Although, as stated above, the literature on the impacts of droughts is fairly extensive, there is a lack of studies comparing the costs of inaction versus action. For example, Salami et al. (2009) traced the economy-wide effects of the 1999-2000 drought in Iran and found the total costs to be equal to

4.4 percent of the country's GDP. The same study also found that applying water-saving technologies to increase water-use productivity by 10 percent would reduce losses due to drought by 17.5 percent or USD 282 million. Furthermore, changing cropping patterns to suit the drought conditions allowed losses to be reduced by USD 597 million.

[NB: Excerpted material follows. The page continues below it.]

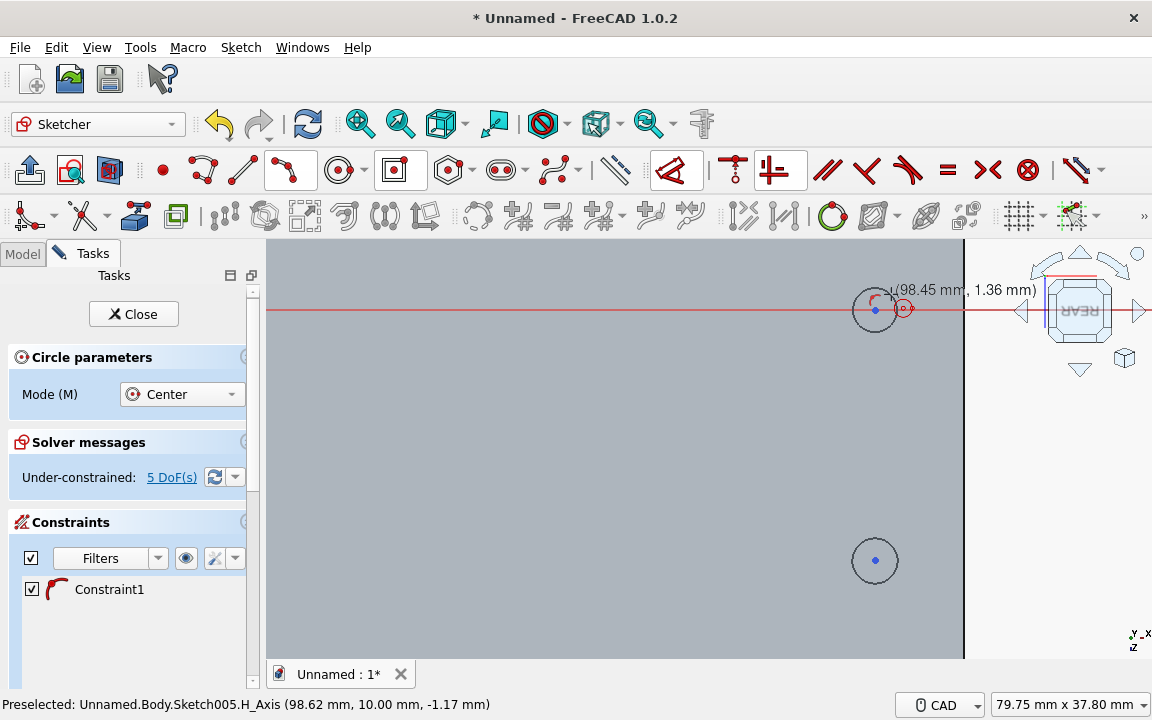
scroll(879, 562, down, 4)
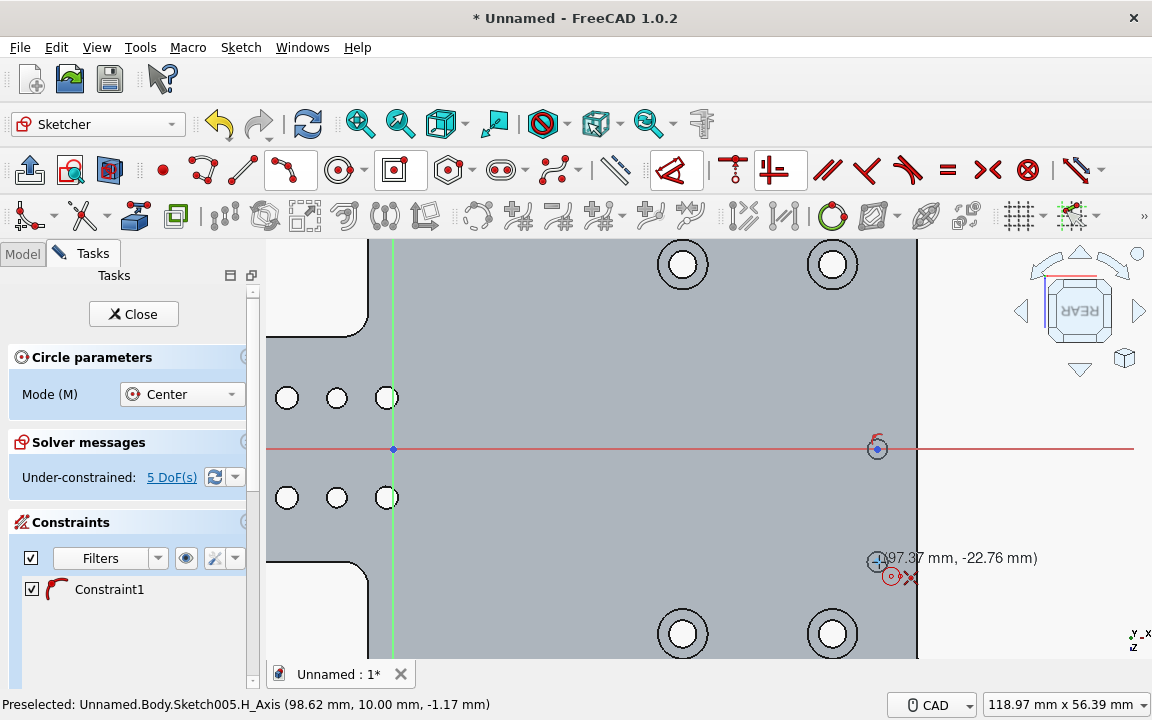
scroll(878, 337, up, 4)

Taylor et al. (2015) evaluated the viability of government drought risk mitigation strategies through increasing water-use efficiency, implementing integrated water resource management, and improving water infrastructures in Uganda. The results indicated that the rate of return could be more than 10 percent. Harou et al. (2010) used the case of California to show that mitigation action such as water markets could substantially reduce the costs of drought impacts, while Wheeler et al. (2014) showed how such markets have worked for Australia's Murray River Basin. Most of these examples of drought costs are linked to agriculture, yet droughts also have impacts in urban areas (Box 5.1).